# unrolling hay on the ground



## Gopher (Jul 19, 2011)

I've read alot about unrolling hay onto the ground. I'm at the end of my grazing season and conteplating unrolling a bale to start feeding while it is still nice out. Has anyone done that? Opinions? My soil is sandy and could use the nutrients and organic matter that is not consumed. I do not have a bale feeder, only reels, poly wire, and pig tail posts.


----------



## rancher1913 (Dec 5, 2008)

if you have enough cows to clean it up quckly it works, but once they crap or lay on it they won't touch it. it does tear up the surrounding ground and you wll need to reseed unless you have lots of ground and can feed hundreds of feet apart each time and give nature some time to reseed. if you only have a few cows, bale feeders are not that expensive and will pay for them selfs quickly.


----------



## ksfarmer (Apr 28, 2007)

You can do it, but can waste a lot of hay. Especially if the ground is wet or muddy. Don't roll out more that can be consumed on a daily basis and make them clean it up as much as possible. There will still be some waste just from walking on the hay and messing on it.

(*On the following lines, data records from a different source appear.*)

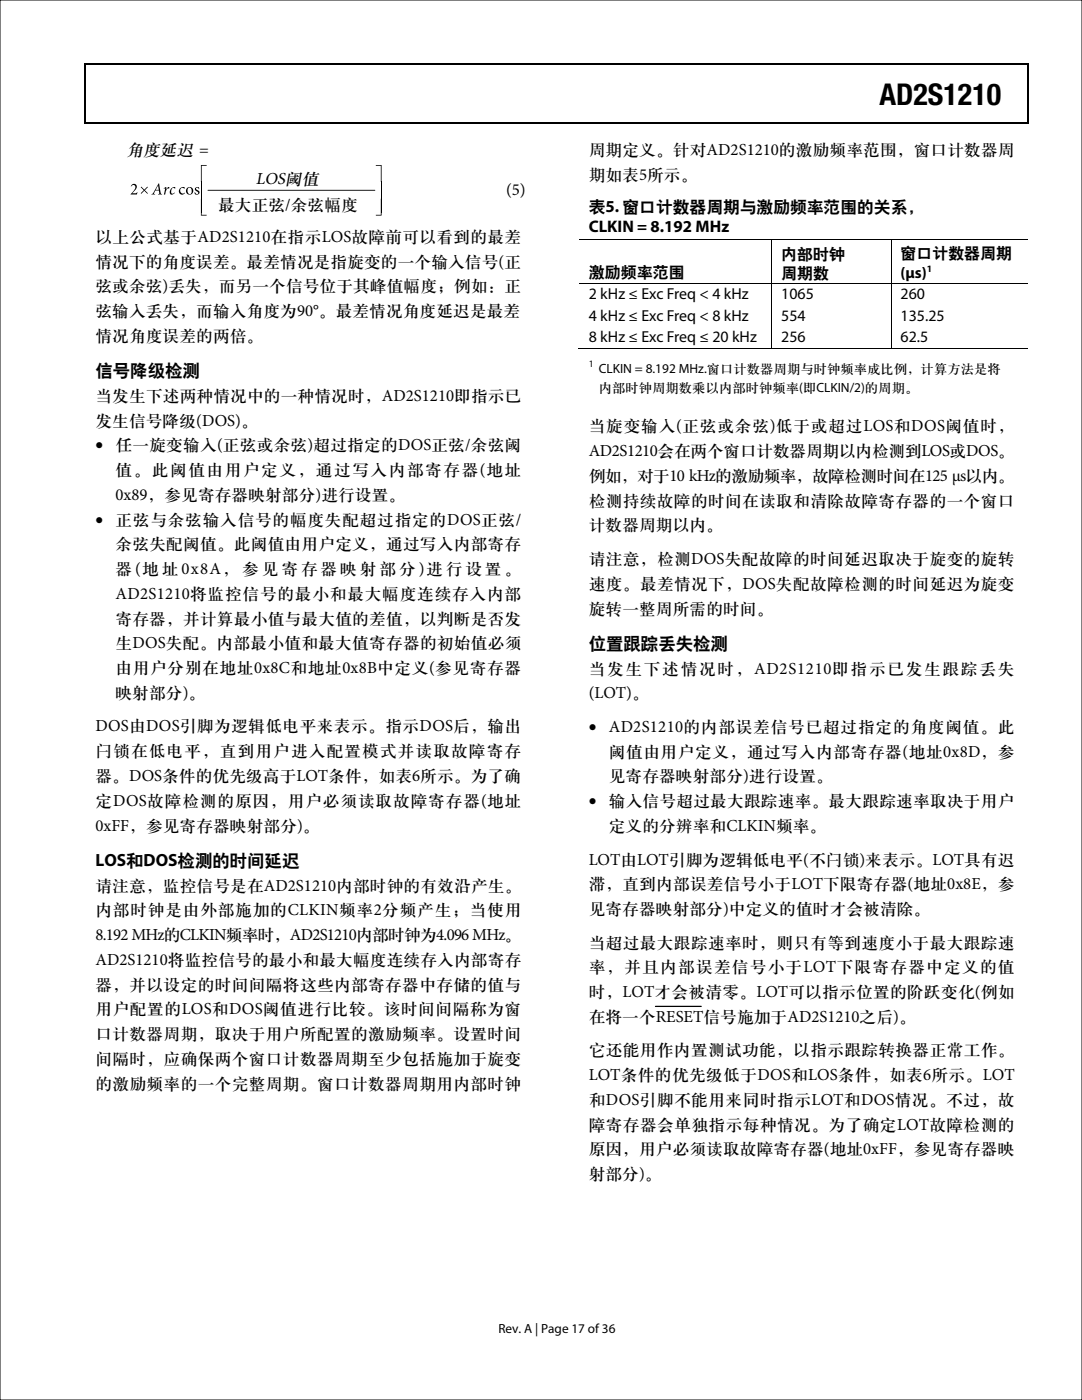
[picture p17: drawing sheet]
<svg xmlns="http://www.w3.org/2000/svg" width="216mm" height="279mm" viewBox="0 0 216 279" stroke-linecap="round" stroke-linejoin="round" font-family="sans-serif">
<defs><g id="words">
<text font-size="6" x="175.5" y="21">AD2S1210</text>
<g font-size="3.5" fill="#070001">
<text x="19" y="75.1">信号降级检测</text>
<text x="117.5" y="129.5">位置跟踪丢失检测</text>
<text x="19" y="172.8">LOS和DOS检测的时间延迟</text>
</g>
<g font-size="3.4">
<text x="25.2" y="30.9">角度延迟 =</text>
<text x="43.5" y="41.8">最大正弦/余弦幅度</text>
<text x="51.1" y="36.8">LOS阈值</text>
<text x="101" y="38.8">(5)</text>
</g>
<g font-size="3.4" fill="#070001">
<text x="117.5" y="30.9">周期定义。针对AD2S1210的激励频率范围，窗口计数器周</text>
<text x="117.5" y="35.9">期如表5所示。</text>
<text x="19" y="53.2">情况下的角度误差。最差情况是指旋变的一个输入信号(正</text>
<text x="19" y="48.3">以上公式基于AD2S1210在指示LOS故障前可以看到的最差</text>
<text x="19" y="58.1">弦或余弦)丢失，而另一个信号位于其峰值幅度；例如：正</text>
<text x="19" y="63.1">弦输入丢失，而输入角度为90°。最差情况角度延迟是最差</text>
<text x="19" y="68">情况角度误差的两倍。</text>
<text x="19" y="80">当发生下述两种情况中的一种情况时，AD2S1210即指示已</text>
<text x="19" y="84.9">发生信号降级(DOS)。</text>
<text x="23.1" y="89.9">任一旋变输入(正弦或余弦)超过指定的DOS正弦/余弦阈</text>
<text x="117.5" y="86.1">当旋变输入(正弦或余弦)低于或超过LOS和DOS阈值时，</text>
<text x="23" y="94.8">值。此阈值由用户定义，通过写入内部寄存器(地址</text>
<text x="117.5" y="91">AD2S1210会在两个窗口计数器周期以内检测到LOS或DOS。</text>
<text x="117.5" y="96">例如，对于10 kHz的激励频率，故障检测时间在125 μs以内。</text>
<text x="23" y="99.8">0x89，参见寄存器映射部分)进行设置。</text>
<text x="117.5" y="100.9">检测持续故障的时间在读取和清除故障寄存器的一个窗口</text>
<text x="23.1" y="104.7">正弦与余弦输入信号的幅度失配超过指定的DOS正弦/</text>
<text x="117.5" y="105.9">计数器周期以内。</text>
<text x="23.1" y="109.6">余弦失配阈值。此阈值由用户定义，通过写入内部寄存</text>
<text x="117.5" y="112.6">请注意，检测DOS失配故障的时间延迟取决于旋变的旋转</text>
<text x="23" y="119.5">AD2S1210将监控信号的最小和最大幅度连续存入内部</text>
<text x="23.1" y="114.6">器(地址0x8A， 参见 寄 存 器映 射 部分 )进 行 设置。</text>
<text x="117.5" y="117.5">速度。最差情况下，DOS失配故障检测的时间延迟为旋变</text>
<text x="23" y="124.5">寄存器，并计算最小值与最大值的差值，以判断是否发</text>
<text x="117.5" y="122.4">旋转一整周所需的时间。</text>
<text x="23" y="129.4">生DOS失配。内部最小值和最大值寄存器的初始值必须</text>
<text x="23" y="134.3">由用户分别在地址0x8C和地址0x8B中定义(参见寄存器</text>
<text x="117.5" y="134.4">当发生下述情况时，AD2S1210即指示已发生跟踪丢失</text>
<text x="23" y="139.3">映射部分)。</text>
<text x="117.5" y="139.4">(LOT)。</text>
<text x="19" y="146">DOS由DOS引脚为逻辑低电平来表示。指示DOS后，输出</text>
<text x="121.5" y="146.1">AD2S1210的内部误差信号已超过指定的角度阈值。此</text>
<text x="19" y="150.9">闩锁在低电平，直到用户进入配置模式并读取故障寄存</text>
<text x="19" y="155.9">器。DOS条件的优先级高于LOT条件，如表6所示。为了确</text>
<text x="121.5" y="151">阈值由用户定义，通过写入内部寄存器(地址0x8D，参</text>
<text x="121.5" y="156">见寄存器映射部分)进行设置。</text>
<text x="19" y="160.8">定DOS故障检测的原因，用户必须读取故障寄存器(地址</text>
<text x="121.5" y="160.9">输入信号超过最大跟踪速率。最大跟踪速率取决于用户</text>
<text x="19" y="165.7">0xFF，参见寄存器映射部分)。</text>
<text x="121.5" y="165.8">定义的分辨率和CLKIN频率。</text>
<text x="117.5" y="172.5">LOT由LOT引脚为逻辑低电平(不闩锁)来表示。LOT具有迟</text>
<text x="19" y="177.7">请注意，监控信号是在AD2S1210内部时钟的有效沿产生。</text>
<text x="117.5" y="177.5">滞，直到内部误差信号小于LOT下限寄存器(地址0x8E，参</text>
<text x="19" y="182.7">内部时钟是由外部施加的CLKIN频率2分频产生；当使用</text>
<text x="117.5" y="182.4">见寄存器映射部分)中定义的值时才会被清除。</text>
<text x="19" y="187.6">8.192 MHz的CLKIN频率时，AD2S1210内部时钟为4.096 MHz。</text>
<text x="117.5" y="189.1">当超过最大跟踪速率时，则只有等到速度小于最大跟踪速</text>
<text x="19" y="192.5">AD2S1210将监控信号的最小和最大幅度连续存入内部寄存</text>
<text x="19" y="197.5">器，并以设定的时间间隔将这些内部寄存器中存储的值与</text>
<text x="117.5" y="194.1">率，并且内部误差信号小于LOT下限寄存器中定义的值</text>
<text x="19" y="202.4">用户配置的LOS和DOS阈值进行比较。该时间间隔称为窗</text>
<text x="117.5" y="199">时，LOT才会被清零。LOT可以指示位置的阶跃变化(例如</text>
<text x="117.5" y="203.9">在将一个RESET信号施加于AD2S1210之后)。</text>
<text x="19" y="207.4">口计数器周期，取决于用户所配置的激励频率。设置时间</text>
<text x="19" y="212.3">间隔时，应确保两个窗口计数器周期至少包括施加于旋变</text>
<text x="117.5" y="210.6">它还能用作内置测试功能，以指示跟踪转换器正常工作。</text>
<text x="117.5" y="215.6">LOT条件的优先级低于DOS和LOS条件，如表6所示。LOT</text>
<text x="19" y="217.2">的激励频率的一个完整周期。窗口计数器周期用内部时钟</text>
<text x="117.5" y="220.5">和DOS引脚不能用来同时指示LOT和DOS情况。不过，故</text>
<text x="117.5" y="225.5">障寄存器会单独指示每种情况。为了确定LOT故障检测的</text>
<text x="117.5" y="230.4">原因，用户必须读取故障寄存器(地址0xFF，参见寄存器映</text>
<text x="117.5" y="235.3">射部分)。</text>
</g>
<g font-size="3.3">
<text x="117.5" y="42.3">表5. 窗口计数器周期与激励频率范围的关系，</text>
<text x="117.5" y="46.3">CLKIN = 8.192 MHz</text>
<text x="19" y="89.9">•</text>
<text x="19" y="104.7">•</text>
<text x="117.5" y="146.1">•</text>
<text x="117.5" y="160.9">•</text>
</g>
<g font-size="3.2">
<text x="155.9" y="51.6">内部时钟</text>
<text x="179.7" y="51.6">窗口计数器周期</text>
<text x="117.5" y="55.2">激励频率范围</text>
<text x="117.5" y="59.7">2 kHz ≤ Exc Freq &lt; 4 kHz</text>
<text x="155.9" y="55.4">周期数</text>
<text x="155.9" y="59.7">1065</text>
<text x="179.7" y="55.4">(μs)</text>
<text x="179.7" y="59.7">260</text>
<text x="117.5" y="64">4 kHz ≤ Exc Freq &lt; 8 kHz</text>
<text x="155.9" y="64">554</text>
<text x="179.7" y="64">135.25</text>
<text x="117.5" y="68.3">8 kHz ≤ Exc Freq ≤ 20 kHz</text>
<text x="155.9" y="68.3">256</text>
<text x="179.7" y="68.3">62.5</text>
</g>
<g font-size="2.7">
<text x="119.5" y="74.4">CLKIN = 8.192 MHz.窗口计数器周期与时钟频率成比例，计算方法是将</text>
<text x="119.5" y="78.2">内部时钟周期数乘以内部时钟频率(即CLKIN/2)的周期。</text>
</g>
<text font-size="2.6" x="99.5" y="266">Rev. A | Page 17 of 36</text>
<g font-size="2">
<text x="184.9" y="54.3">1</text>
<text x="117.5" y="73.2">1</text>
</g>
</g></defs>
<g fill="#000">
<path d="M16.9 12.7h.2v1h-.2zM205.1 12.7h.2v1h-.2zM205.1 12.7h.2v.3h-.2zM26.3 36.9a.61 .61 0 0 1 .9 0 .61 .61 0 0 1-.1 .9l-.7 .8h.8l.1-.3v.5h-1.2l.5-.6a.88 .88 0 0 0 .2-1.2 .5 .5 0 0 0-.6 .2zM28.2 37.2l.6 .6 .6-.6 .1 .2-.6 .6 .6 .6-.1 .1-.6-.6-.6 .6-.1-.1 .6-.6-.6-.6zM40.1 32.9h1.1v.2h-1v3.2h-.1zM41.4 37.9l33.5 .1-33.4 .1zM75 32.9h1.1v3.4h-.1v-3.2h-1zM82.3 24.4h.2v.3h-.2zM205.1 24.4h.2v.3h-.2zM40.1 39.7h.1v3.2h1v.1h-1.1zM76 39.7h.1v3.3h-1.1v-.1h1z"/>
<path d="M31.6 36.6l-1.1 2-.3 .2h.7l-.2-.2 .3-.6h.7l.1 .7-.3 .1h.8l-.2-.2-.4-2zM31.5 37l.2 .9h-.6zM32.7 37.6h.3l-.3 1.2h.3v-.2a.8 .8 0 0 1 .7-1l.1-.2-.2-.1-.5 .6v-.6zM34.2 37.6a.75 .75 0 0 0 0 1.3l.7-.4-.5 .2a.67 .67 0 0 1-.2-.7 .67 .67 0 0 1 .5-.5l.2 .1 .1-.1a.47 .47 0 0 0-.8 .1z"/>
<path d="M36 37.5a.67 .67 0 0 0-.2 1.1 .67 .67 0 0 0 1.1-.2 .55 .55 0 0 1-.9-.2 .55 .55 0 0 1 .5-.7l.3 .1a.36 .36 0 0 0-.2-.3 .36 .36 0 0 0-.4 .1zM37.1 38.1a.75 .75 0 0 0 1.5 0 .75 .75 0 0 0-1.5 0zM37.6 37.5l.2-.1a.72 .72 0 0 1 .5 .7 .72 .72 0 0 1-.4 .6 .78 .78 0 0 1-.3-1.2zM38.9 37.5a.78 .78 0 0 0 .6 .9v.3a.5 .5 0 0 1-.7-.4 .49 .49 0 0 0 .5 .6 .49 .49 0 0 0 .5-.6 .49 .49 0 0 0-.5-.4l-.1-.4h.3l.2 .3v-.4l-.3-.1z"/>
</g>
<path d="M16.9 12.8h188.2M17 13.7v11M205.2 13.7v11M16.9 24.5h188.2M130.8 200.8h9.1" fill="none" stroke="#000" stroke-width=".25"/>
<path d="M40.2 36.1v6.4M76.1 36.1v6.4M115.6 47.9h89.5M115.6 56.5h89.5M154 48v21.7M177.8 48v21.7M115.3 69.6h38.6M154.1 69.6h23.6M177.9 69.6h27.2" fill="none" stroke="#000" stroke-width=".2"/>
<path d="M0 0h215.9v279.4h-215.9z" fill="none" stroke="#090103" stroke-width=".2"/>
<use href="#words"/>
</svg>

edit" Rancher makes good points. It is hard on the grass you feed on.


----------



## oneokie (Aug 14, 2009)

Question. 
What type of soil and varieties of grass do you have that you experience the kind of damage you are speaking of in relation to feeding by unrolling hay bales?


----------



## springvalley (Jun 23, 2009)

It doesn`t really matter what kinda ground you have, what the guys have suggested above is right. We use to rollout our bales to feed stocker cows and it works ok if they clean it up quickly. But if they don`t they will make a mess out of the left overs. We used a bale feeder after that, on cement, and worked alot better. > Thanks Marc


----------



## agmantoo (May 23, 2003)

Rolling out hay is a great way to feed round bales. Timid cows will get a chance to eat, very little hay is wasted and areas that are low in nutrients can be built up with the manure that is dropped as the animals eat. I have a rather inexpensive device that fits the 3 point hitch. I can transport the bale, unroll as little or as much as the bale contains where I want in the pasture. If I recall correctly the device sold for $400 when I bought it roughly $12 years ago. I experienced almost no waste as I put out what I wanted the cattle to have daily. There was very little pugging as I rotated the feeding location each time I fed. Before I went to this method of feeding round bales I had one of the very expensive trailer bale feeders and there was always mud where the cattle concentrated as they ate. Even though I took a financial loss, I was truly happy to see that feeder turn the corner as the new owner pulled it away.


----------



## francismilker (Jan 12, 2006)

I unroll my round bales and feed them with great success provided I only put enough out for them for the day's eating. I try to do it on my poorest ground and can see noticeably greener grass there the following spring. In fact, I've actually started (two years ago) tossing some common bermuda grass seed out in the line the I'm fixing to unroll hay. The cattle stomp it in to the ground and fertilize it well for me and it makes a good stand the following growing season. I've got some of the most pitiful excuse for grazing ground in the world down in one of my river bottoms that's nothing other than blow sand. You can look down there and see exactly where I've sowed seed and unrolled a bale last year. It's the only ground that has enough organic matter in it to hold enough moisture to sprout and sustain grass growth.


----------



## Gopher (Jul 19, 2011)

That is what I'm planning on doing. Using polywire to basically strip graze what I roll out. Essentially rolling out the whole thing and putting a polywire perpendicular to it so it basically lasts 5 days. 5 days is my estimate on how long a bale would last. I've read a lot about the advantages of feeding on the ground regarding what the pasture looks like in the future. I like the idea of putting down some seed (white clover in my case). I guess I look at hay as feed. But also organic matter and nutrients that my soil needs. Thank you all for your comments.


----------